▸ **WHAT NEEDS TO BE DONE**
Give back exactly the stretch of data below from the line holding "text 4 Ten laste" through the line holding "text In afwijking", both ends included, and leave the remaining lines out.
╔══
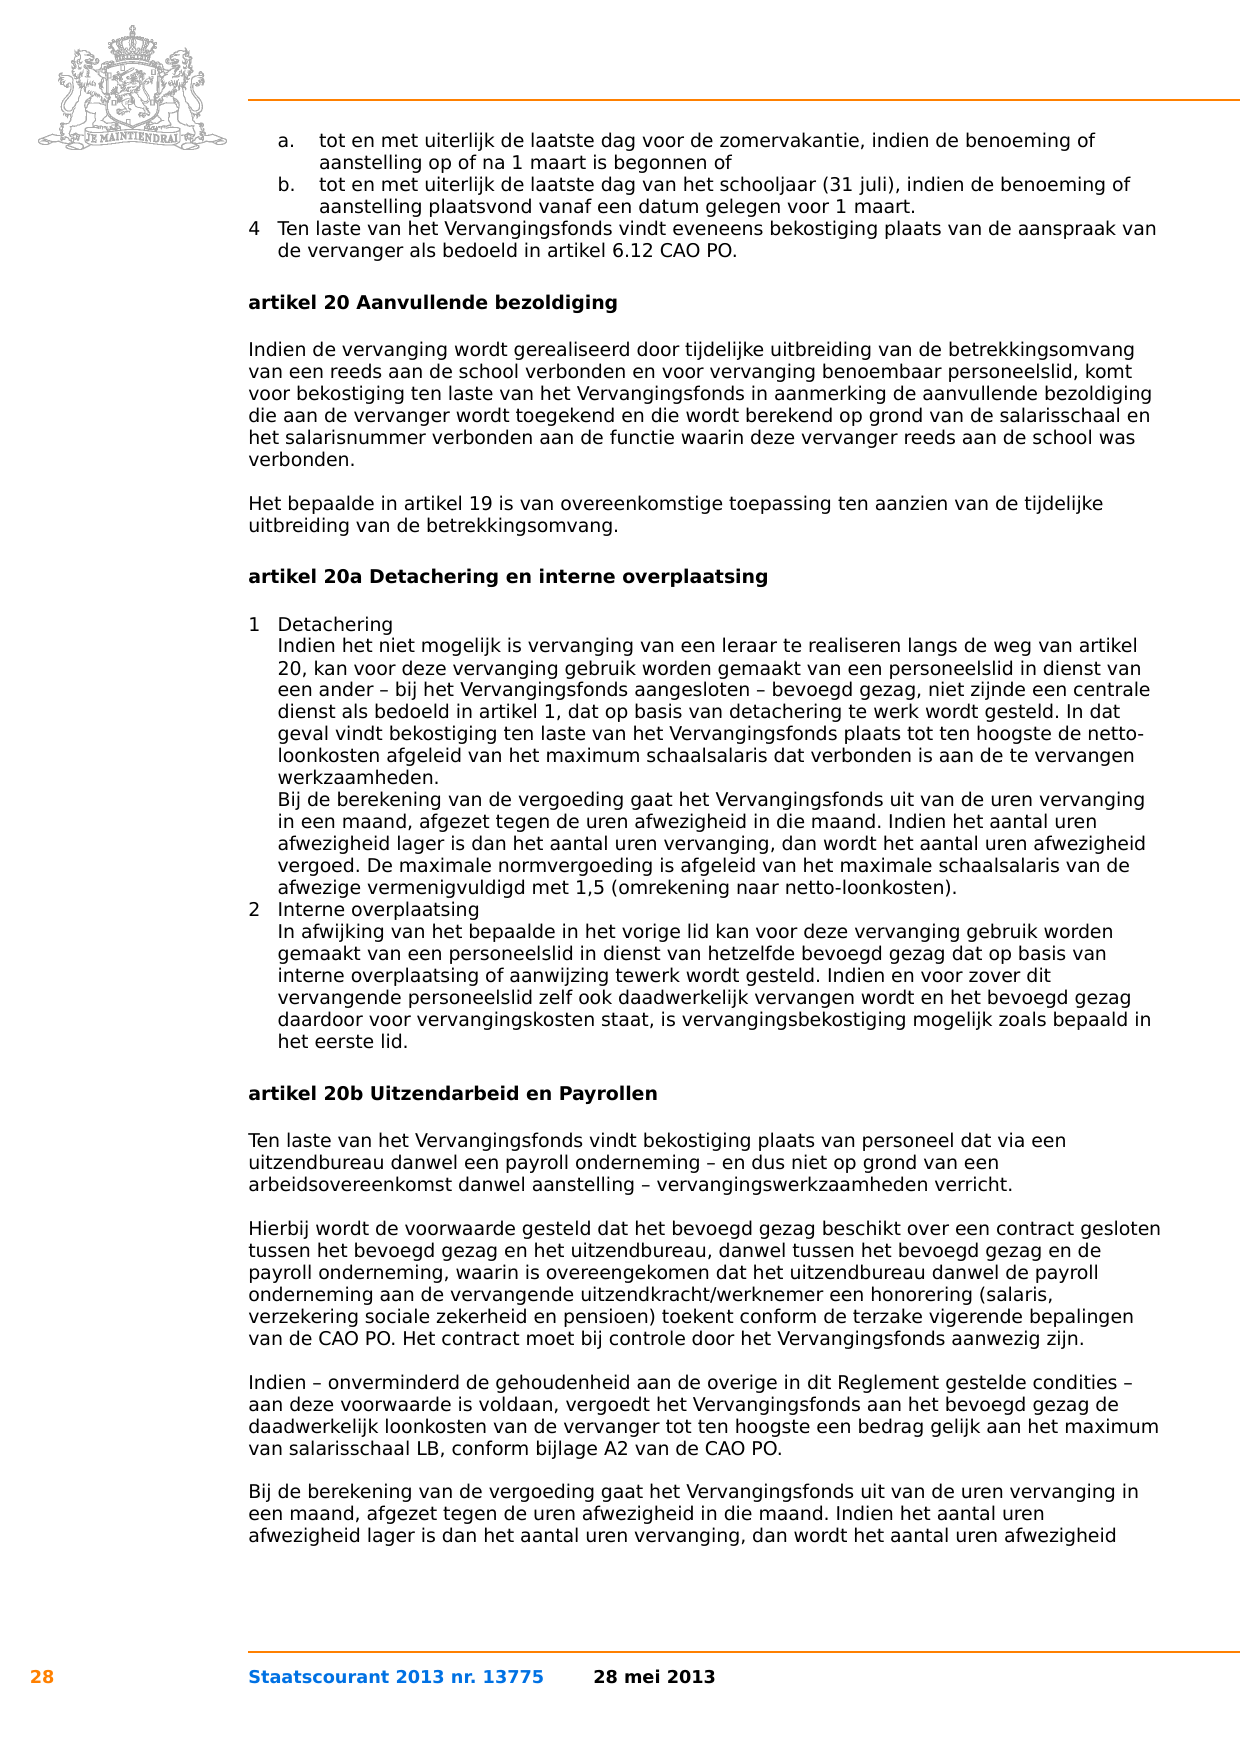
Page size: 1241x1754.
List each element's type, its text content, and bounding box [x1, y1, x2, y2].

text Bij de berekening van de vergoeding gaat het Vervangingsfonds uit van de uren vervanging in een maand, afgezet tegen de uren afwezigheid in die maand. Indien het aantal uren afwezigheid lager is dan het aantal uren vervanging, dan wordt het aantal uren afwezigheid vergoed. De maximale normvergoeding is afgeleid van het maximale schaalsalaris van de afwezige vermenigvuldigd met 1,5 (omrekening naar netto-loonkosten). [277, 789, 1163, 899]
text Ten laste van het Vervangingsfonds vindt bekostiging plaats van personeel dat via een uitzendbureau danwel een payroll onderneming – en dus niet op grond van een arbeidsovereenkomst danwel aanstelling – vervangingswerkzaamheden verricht. [248, 1130, 1163, 1196]
subtitle artikel 20b Uitzendarbeid en Payrollen [248, 1083, 1163, 1105]
picture [38, 25, 227, 150]
text 4 Ten laste van het Vervangingsfonds vindt eveneens bekostiging plaats van de aanspraak van de vervanger als bedoeld in artikel 6.12 CAO PO. [248, 218, 1163, 262]
text 2 Interne overplaatsing [248, 899, 1163, 921]
text Bij de berekening van de vergoeding gaat het Vervangingsfonds uit van de uren vervanging in een maand, afgezet tegen de uren afwezigheid in die maand. Indien het aantal uren afwezigheid lager is dan het aantal uren vervanging, dan wordt het aantal uren afwezigheid [248, 1481, 1163, 1547]
text Indien het niet mogelijk is vervanging van een leraar te realiseren langs de weg van artikel 20, kan voor deze vervanging gebruik worden gemaakt van een personeelslid in dienst van een ander – bij het Vervangingsfonds aangesloten – bevoegd gezag, niet zijnde een centrale dienst als bedoeld in artikel 1, dat op basis van detachering te werk wordt gesteld. In dat geval vindt bekostiging ten laste van het Vervangingsfonds plaats tot ten hoogste de netto-loonkosten afgeleid van het maximum schaalsalaris dat verbonden is aan de te vervangen werkzaamheden. [277, 635, 1163, 789]
text In afwijking van het bepaalde in het vorige lid kan voor deze vervanging gebruik worden gemaakt van een personeelslid in dienst van hetzelfde bevoegd gezag dat op basis van interne overplaatsing of aanwijzing tewerk wordt gesteld. Indien en voor zover dit vervangende personeelslid zelf ook daadwerkelijk vervangen wordt en het bevoegd gezag daardoor voor vervangingskosten staat, is vervangingsbekostiging mogelijk zoals bepaald in het eerste lid. [277, 921, 1163, 1053]
text b. tot en met uiterlijk de laatste dag van het schooljaar (31 juli), indien de benoeming of aanstelling plaatsvond vanaf een datum gelegen voor 1 maart. [277, 174, 1163, 218]
subtitle artikel 20 Aanvullende bezoldiging [248, 292, 1163, 314]
text Het bepaalde in artikel 19 is van overeenkomstige toepassing ten aanzien van de tijdelijke uitbreiding van de betrekkingsomvang. [248, 492, 1163, 536]
text Indien – onverminderd de gehoudenheid aan de overige in dit Reglement gestelde condities – aan deze voorwaarde is voldaan, vergoedt het Vervangingsfonds aan het bevoegd gezag de daadwerkelijk loonkosten van de vervanger tot ten hoogste een bedrag gelijk aan het maximum van salarisschaal LB, conform bijlage A2 van de CAO PO. [248, 1372, 1163, 1459]
text a. tot en met uiterlijk de laatste dag voor de zomervakantie, indien de benoeming of aanstelling op of na 1 maart is begonnen of [277, 130, 1163, 174]
subtitle artikel 20a Detachering en interne overplaatsing [248, 566, 1163, 588]
text Indien de vervanging wordt gerealiseerd door tijdelijke uitbreiding van de betrekkingsomvang van een reeds aan de school verbonden en voor vervanging benoembaar personeelslid, komt voor bekostiging ten laste van het Vervangingsfonds in aanmerking de aanvullende bezoldiging die aan de vervanger wordt toegekend en die wordt berekend op grond van de salarisschaal en het salarisnummer verbonden aan de functie waarin deze vervanger reeds aan de school was verbonden. [248, 339, 1163, 471]
text Hierbij wordt de voorwaarde gesteld dat het bevoegd gezag beschikt over een contract gesloten tussen het bevoegd gezag en het uitzendbureau, danwel tussen het bevoegd gezag en de payroll onderneming, waarin is overeengekomen dat het uitzendbureau danwel de payroll onderneming aan de vervangende uitzendkracht/werknemer een honorering (salaris, verzekering sociale zekerheid en pensioen) toekent conform de terzake vigerende bepalingen van de CAO PO. Het contract moet bij controle door het Vervangingsfonds aanwezig zijn. [248, 1218, 1163, 1350]
text 1 Detachering [248, 613, 1163, 635]
╚══
▸ **FINISHED TASK**
text 4 Ten laste van het Vervangingsfonds vindt eveneens bekostiging plaats van de aanspraak van de vervanger als bedoeld in artikel 6.12 CAO PO. [248, 218, 1163, 262]
text 2 Interne overplaatsing [248, 899, 1163, 921]
text Bij de berekening van de vergoeding gaat het Vervangingsfonds uit van de uren vervanging in een maand, afgezet tegen de uren afwezigheid in die maand. Indien het aantal uren afwezigheid lager is dan het aantal uren vervanging, dan wordt het aantal uren afwezigheid [248, 1481, 1163, 1547]
text Indien het niet mogelijk is vervanging van een leraar te realiseren langs de weg van artikel 20, kan voor deze vervanging gebruik worden gemaakt van een personeelslid in dienst van een ander – bij het Vervangingsfonds aangesloten – bevoegd gezag, niet zijnde een centrale dienst als bedoeld in artikel 1, dat op basis van detachering te werk wordt gesteld. In dat geval vindt bekostiging ten laste van het Vervangingsfonds plaats tot ten hoogste de netto-loonkosten afgeleid van het maximum schaalsalaris dat verbonden is aan de te vervangen werkzaamheden. [277, 635, 1163, 789]
text In afwijking van het bepaalde in het vorige lid kan voor deze vervanging gebruik worden gemaakt van een personeelslid in dienst van hetzelfde bevoegd gezag dat op basis van interne overplaatsing of aanwijzing tewerk wordt gesteld. Indien en voor zover dit vervangende personeelslid zelf ook daadwerkelijk vervangen wordt en het bevoegd gezag daardoor voor vervangingskosten staat, is vervangingsbekostiging mogelijk zoals bepaald in het eerste lid. [277, 921, 1163, 1053]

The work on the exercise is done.